Leverage pre-tested models	Start with NXP-provided sample models (mobilenet, ssd_mobilenet_v2, etc.) or Ultralytics-exported YOLO models already verified with TFLite.
Prune and compress	Reduce model size via pruning and weight clustering to lower memory footprint and improve NPU throughput without major accuracy loss.

Known Limitations

Topic	Description
Minimum storage	Storage required for running Docker containers is 32 GB.
LiteRT delegate coverage	Not all TFLite ops are supported by the NPU; unsupported layers fall back to CPU/GPU, reducing FPS.

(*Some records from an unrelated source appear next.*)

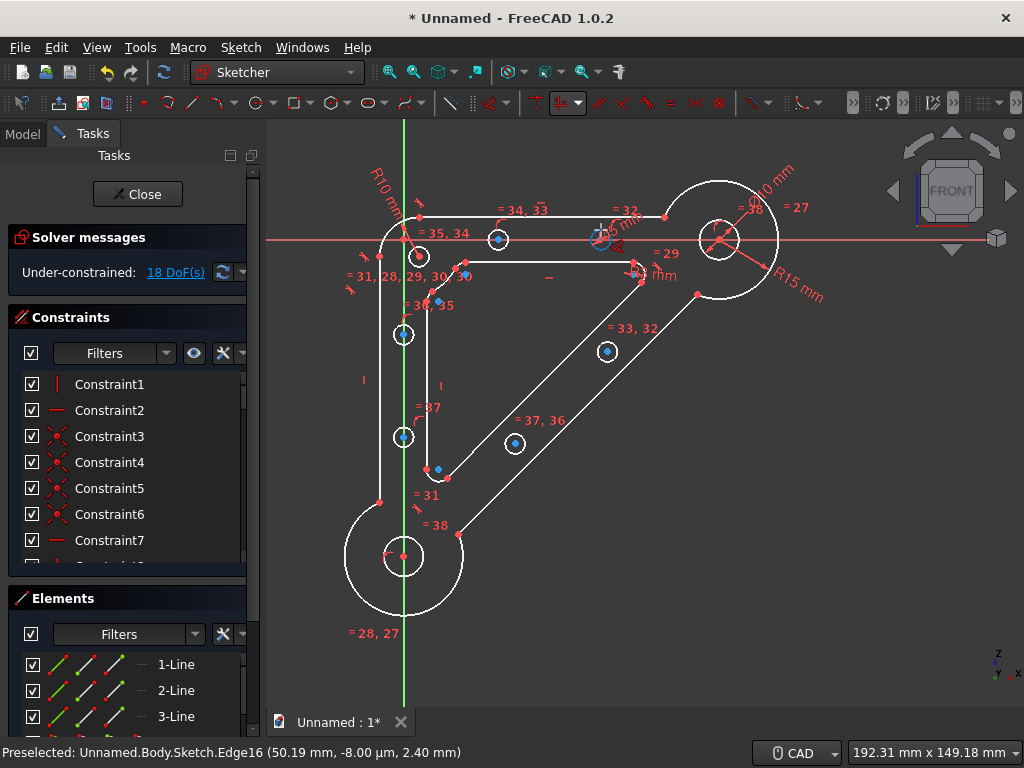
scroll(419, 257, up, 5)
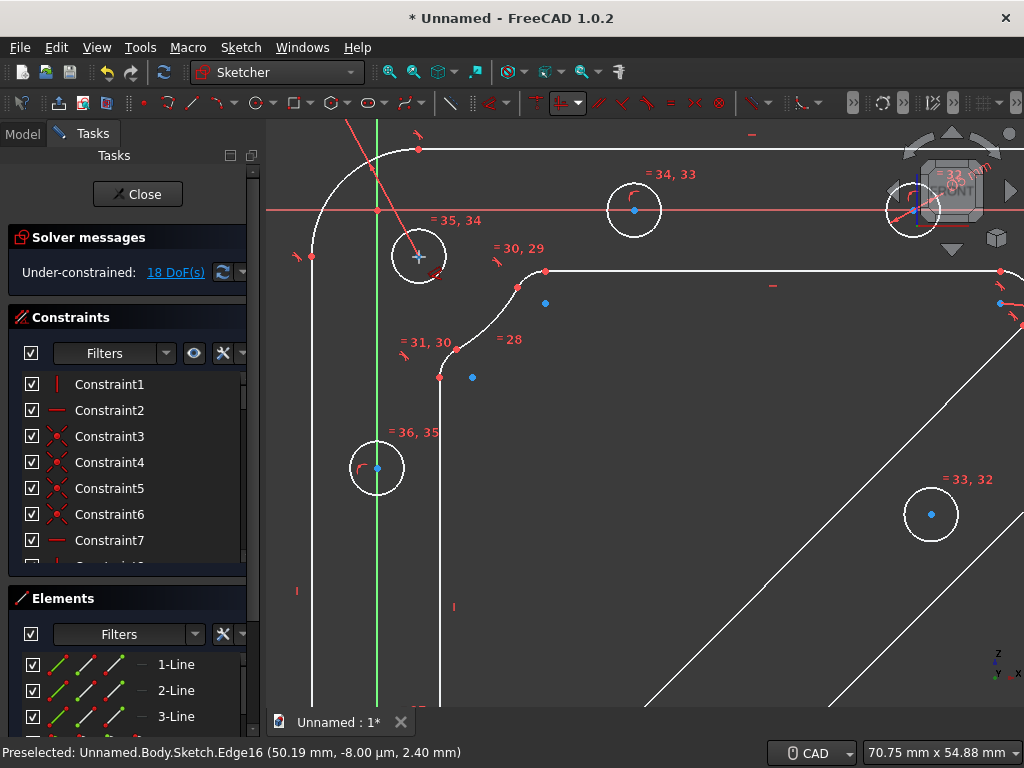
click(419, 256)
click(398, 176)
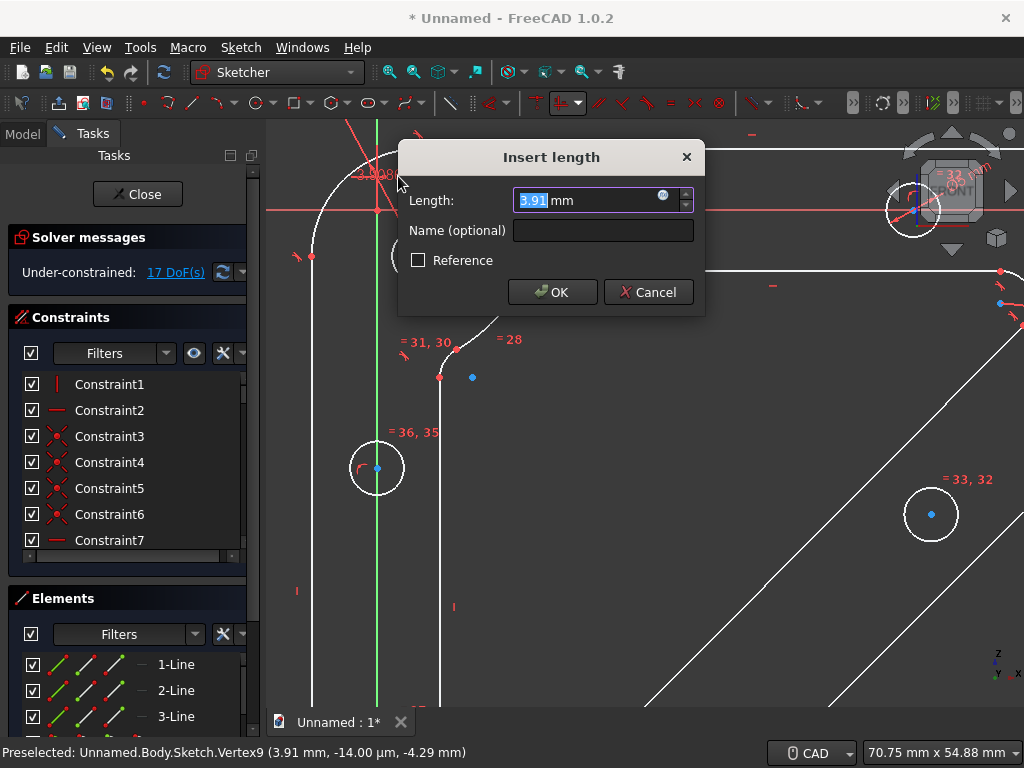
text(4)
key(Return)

Operator coverage gaps	Advanced layers (attention, deformable conv, some postprocessing ops) are not supported on NPU. Custom handling is required.
Quantization trade-offs	INT8 is mandatory for NPU, but aggressive quantization can degrade accuracy.
Resource constraints	Large models (YOLOv8l, transformers >100M params) won’t run in real-time or may not fit in memory. Stick to quantized tiny/small variants.
Version sensitivity	BSP release defines supported NNStreamer + LiteRT versions. Using mismatched SDKs (e.g., newer TFLite) can break delegate acceleration.